I think this is the crux of the matter, or at least, this is where I can't follow your logic anymore.
My problem is this:
In what sense can one be said to be able to change ones mind if one won't change it under any thinkable circumstance whatsoever? What does that even mean? How would one go about testing such a thing, even with the cooperation of the omniscient being in question?
The problem is that an omniscient being cannot be understood by us sufficiently, to deal with the issue of freewill. If you examine a sequence of choices in any detail you come up against potentially infinite regression. This may be manageable if we're dealing with numbers or atoms. But when we are dealing with a
being and what this being
knows it becomes impossible in any relevant way.
I am only required to remind one of the implications of infinity when applied to knowing, to illustrate this.
Say I was deciding what to cook for dinner in a hypermarket. The omniscient being would
know/be aware of an infinite variation in possible outcomes in the hypermarket.

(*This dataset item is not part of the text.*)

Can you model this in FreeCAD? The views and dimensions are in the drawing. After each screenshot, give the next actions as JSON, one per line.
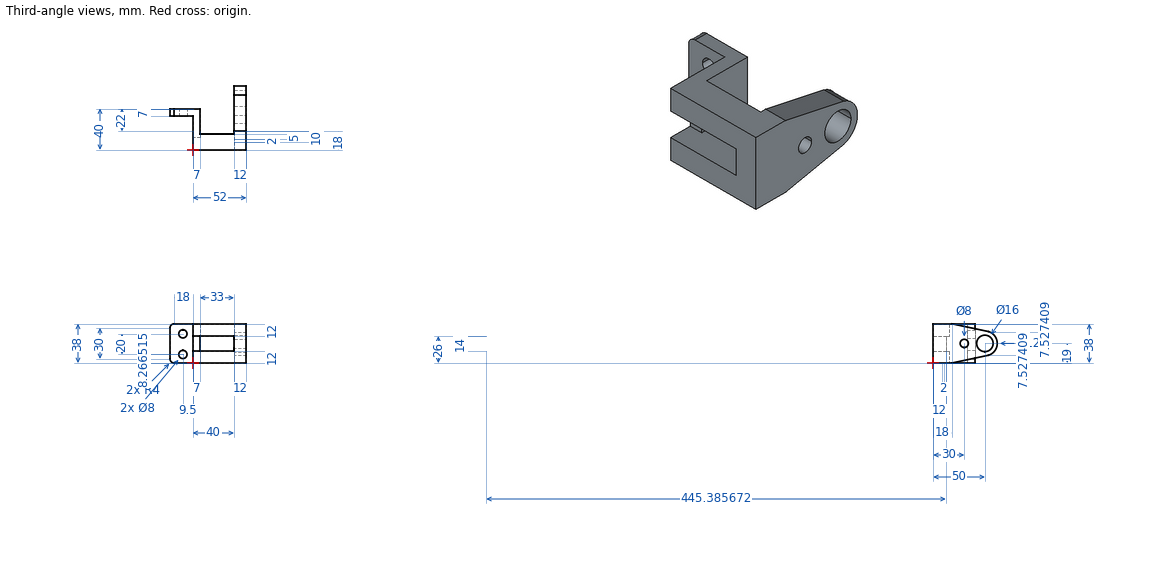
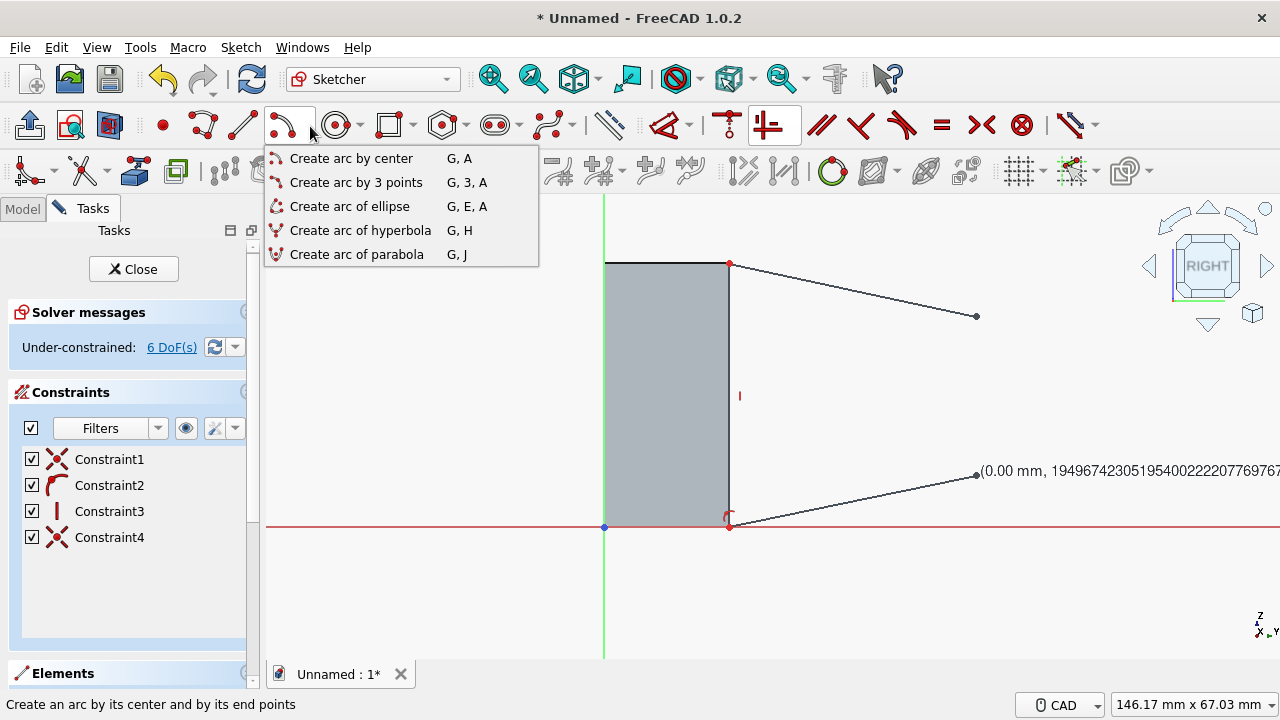
{"action": "left_click", "coordinate": [402, 182]}

Indeed with such insight as one would expect from such a being, the being would know how the combination of every atom in an infinitely large universe would affect the movement and interaction of every atom down to the Planck scale (and infinitely beyond it). In fact it would be aware of many infinitely short segments of time between the change of state between two atoms in the hypermarket and its implications.
When the choice was made about what the dinner would consist of, there would potentially be infinite variation in influencing factors for the precise chemical change which swung the issue to become lost in. Such complexity would be a breeze for this being to know. In fact it would know infinitely more details than that.
The distinction between a free choice and a pre-determined choice would become lost in the detail and the difference in cosmic impact between the few choices I was actually realistically likely to chose from might be so slight that there may be space for a genuinely
free choice to be made.
Not to mention the large number of
choices I was involved in between the entrance of the hypermarket and the point where the menu for the evening were known to myself.
And during all this I knew I was either going to have omelette or curry. I just hadn't made up my mind yet.